We recommended she ask for a C – reactive protein screening from her physician. It turned out that she was going in the next week for her physical. The C – reactive protein is an enzyme that is produced by the liver and it circulates in the blood stream. The C – reactive protein is an indicator that says, “Hey! There’s inflammation coming from somewhere.” It’s not a specific indicator for what is the problem, but it signals the need to look further.

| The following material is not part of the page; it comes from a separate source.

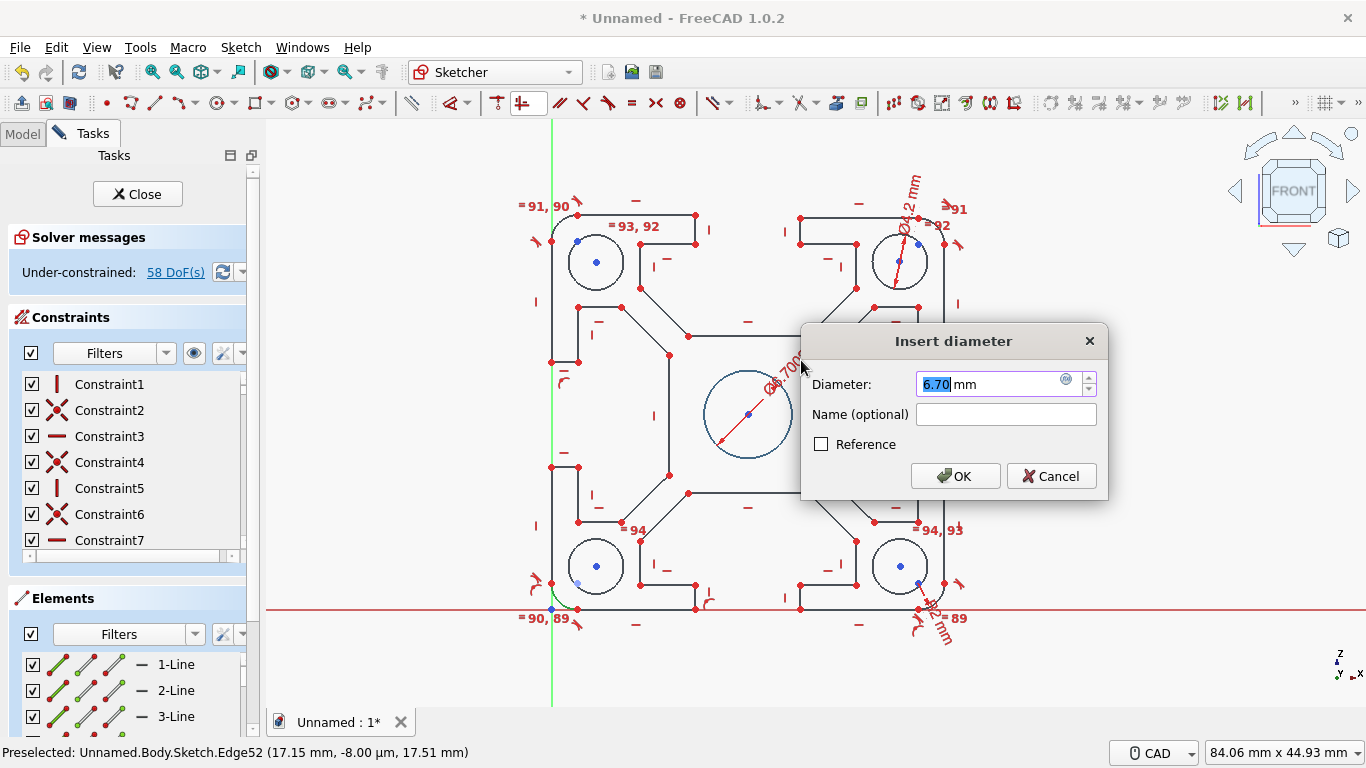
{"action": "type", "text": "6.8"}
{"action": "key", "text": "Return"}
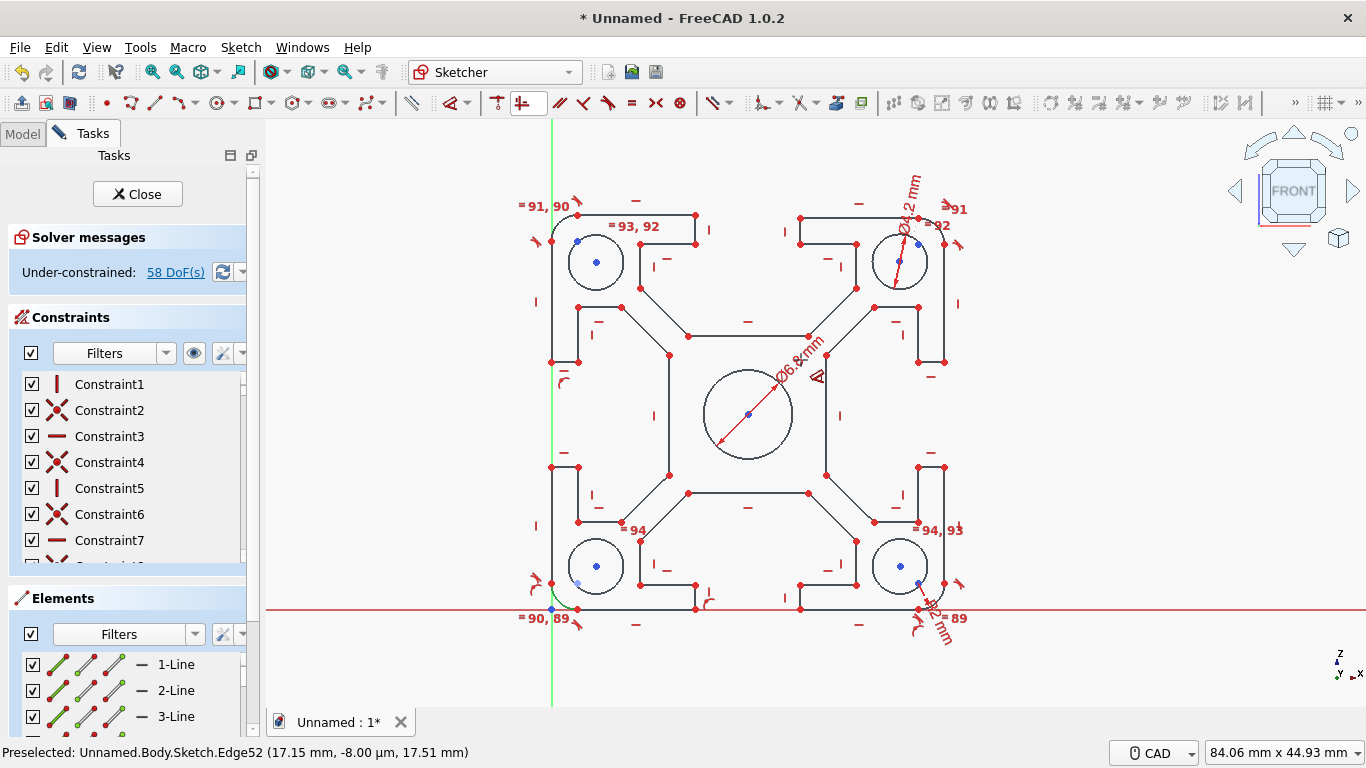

Today, in addition to the C – reactive protein test, we’re fortunate to have the ability to identify the periodontal pathogenic bacteria that are causing the infection by submitting a simple swish sample to the Oral DNA company. Now we can recommend the appropriate antibiotic and treatment regimen specific to her needs. As this case was 7 years ago, we had to choose a shotgun approach to her treatment of periodontal disease. Sharon chose periodontal scaling and root planing, followed by systemically appropriate antibiotics.
Unfortunately, just prior to her follow up visit, she was diagnosed with inflammatory breast cancer. Caught early, she had a better prognosis than most: Because of the C Reactive Protein test, her physician looked further. Was the periodontal disease present due to the altered immune response from the breast cancer or was it coincidental? We’ll never know, but she felt we saved her life.
And for that, I’m very grateful. When I think of Sharon and the impact our dentistry made on her life, I cannot help but be thankful. I’m thankful for research and our new ways to help our patients be healthy. Being thankful is a good thing! It’s hard to be down when you’re grateful. “Rejoice and be glad!” I would challenge you that if you look hard, you’ll find things in the person you don’t like that you can be appreciative of…and your positive thoughts can improve your relationship. People feel it when someone doesn’t like them and will often respond in kind.
Can you change your thinking about all people? Can you like all people? No, that’s unrealistic. But you can and should be respectful, try to resolve the issue and look for the good in the person. After all, the most important reason you’re in health care is to help the patient and provide a living for your family. Rejoice and be glad in the moment! It will lift your spirits and enable you to do your best.